Sunday, December 27, 2009

Lonely Werewolf Girl by Martin Millar


Depressive werewolf girl is hunted by her own family. She has nowhere to go, and no life until she is rescued by two extraordinary humans who find themselves caught in the middle of two power struggles: one centred on a rather crazy clothing-obsessed elemental; and the other, a bid for the werewolf leadership -- a struggle in which the Werewolf girl's dead body would be a very powerful bargaining chip.

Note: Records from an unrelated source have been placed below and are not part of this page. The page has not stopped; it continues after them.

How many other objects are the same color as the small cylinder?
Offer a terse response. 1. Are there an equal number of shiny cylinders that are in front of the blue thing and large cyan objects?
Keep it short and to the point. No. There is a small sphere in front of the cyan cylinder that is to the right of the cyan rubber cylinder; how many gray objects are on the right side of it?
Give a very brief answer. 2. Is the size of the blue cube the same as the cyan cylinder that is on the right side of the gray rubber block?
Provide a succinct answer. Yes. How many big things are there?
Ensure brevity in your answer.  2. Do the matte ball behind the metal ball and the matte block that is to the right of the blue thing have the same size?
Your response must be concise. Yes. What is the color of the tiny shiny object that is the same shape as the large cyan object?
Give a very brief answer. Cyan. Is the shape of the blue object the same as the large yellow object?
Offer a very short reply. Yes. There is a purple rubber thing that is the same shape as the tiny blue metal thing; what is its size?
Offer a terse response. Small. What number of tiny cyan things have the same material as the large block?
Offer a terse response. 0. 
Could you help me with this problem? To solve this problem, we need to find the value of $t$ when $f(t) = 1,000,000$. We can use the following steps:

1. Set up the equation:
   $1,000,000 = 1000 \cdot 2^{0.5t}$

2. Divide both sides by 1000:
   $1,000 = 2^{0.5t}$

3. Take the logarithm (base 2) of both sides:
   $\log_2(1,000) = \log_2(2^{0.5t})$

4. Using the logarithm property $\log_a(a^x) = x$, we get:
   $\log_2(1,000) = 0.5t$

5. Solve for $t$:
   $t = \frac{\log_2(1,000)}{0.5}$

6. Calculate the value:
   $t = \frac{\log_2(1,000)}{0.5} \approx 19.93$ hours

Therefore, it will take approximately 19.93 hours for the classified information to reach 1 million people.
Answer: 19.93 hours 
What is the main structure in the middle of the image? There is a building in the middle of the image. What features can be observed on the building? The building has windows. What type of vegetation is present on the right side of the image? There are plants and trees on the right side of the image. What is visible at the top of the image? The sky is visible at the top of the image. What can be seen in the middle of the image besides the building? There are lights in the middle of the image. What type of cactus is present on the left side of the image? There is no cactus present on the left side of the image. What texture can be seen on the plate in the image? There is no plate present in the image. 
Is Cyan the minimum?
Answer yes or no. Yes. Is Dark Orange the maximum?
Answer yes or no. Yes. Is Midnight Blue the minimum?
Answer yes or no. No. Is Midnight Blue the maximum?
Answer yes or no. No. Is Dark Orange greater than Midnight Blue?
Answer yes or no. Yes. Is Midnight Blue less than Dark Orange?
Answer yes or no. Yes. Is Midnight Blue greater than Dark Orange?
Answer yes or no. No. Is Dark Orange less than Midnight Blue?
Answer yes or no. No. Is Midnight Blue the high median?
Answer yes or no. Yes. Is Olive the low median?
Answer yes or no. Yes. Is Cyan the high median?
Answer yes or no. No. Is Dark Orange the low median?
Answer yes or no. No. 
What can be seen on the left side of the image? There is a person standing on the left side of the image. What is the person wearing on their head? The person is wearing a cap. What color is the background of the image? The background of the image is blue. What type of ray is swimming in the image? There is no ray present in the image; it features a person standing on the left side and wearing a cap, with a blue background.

I'm so deeply divided about this book. The prose is stultifying, it's almost like eating baby food that's been chopped down until it's so soft all the texture is missing. But even so, and this is where the deeply divided comes in -- this baby food has kick. There's wit and charm, and the odd glimpse of three dimensions in amongst the cut-out two dimensional characters. Even better, against the odds, the apparently rambling plot of feud and counter-feud comes together to a relatively satisfying conclusion, so in the end all I can say is people like this book. They do. My copy went flying across the floor more than once, but I still made it to the end, which is more than I can say about quite a few books lately.

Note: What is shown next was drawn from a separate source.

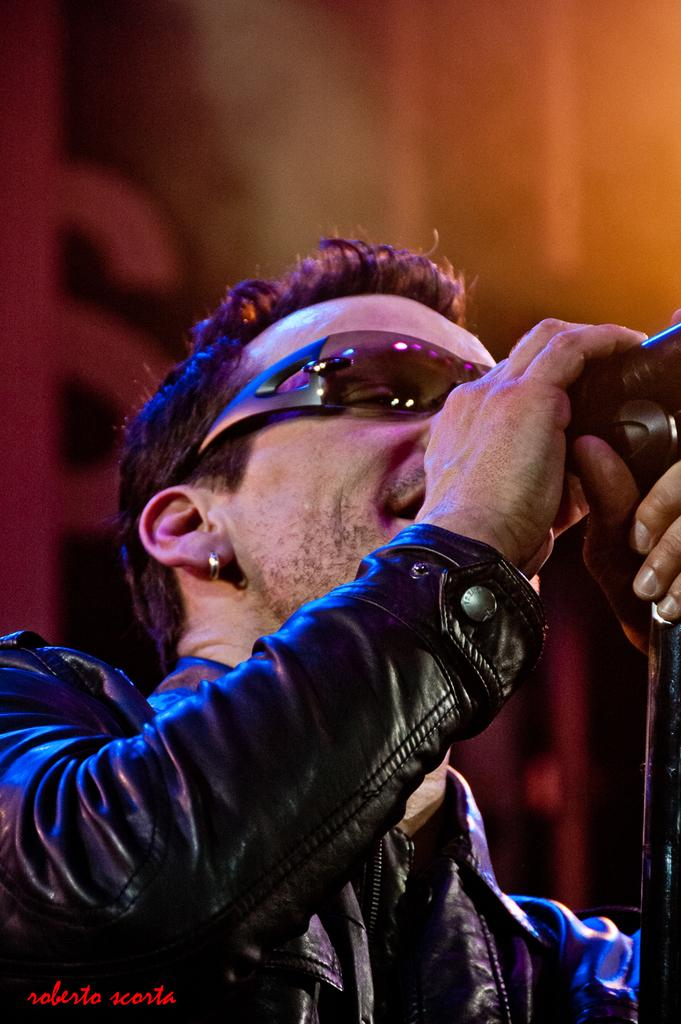What is the man in the image doing? The man is singing in the image. What object is the man holding while singing? The man is holding a microphone. Can you describe the man's attire in the image? The man is wearing a coat and goggles. What is the title of the book the man is reading in the image? There is no book present in the image, and the man is singing, not reading.

It's the sort of story that can make a so-so author into a name, not because it's brilliant, but because it has the things that teenagers are looking for in a story, sex, drugs, depression, rock and roll, and originality. It's not preachy. It doesn't glamorise, it just gets on with the plot as two -- no three -- very different worlds collide. I'll never love this book, for me it was twilight all over again, maybe edgier, more exciting, and far less sentimental, but still pulp -- a fact proudly proclaimed by the cover as it declares the author has invented a new genre; "pulp fantasy noir."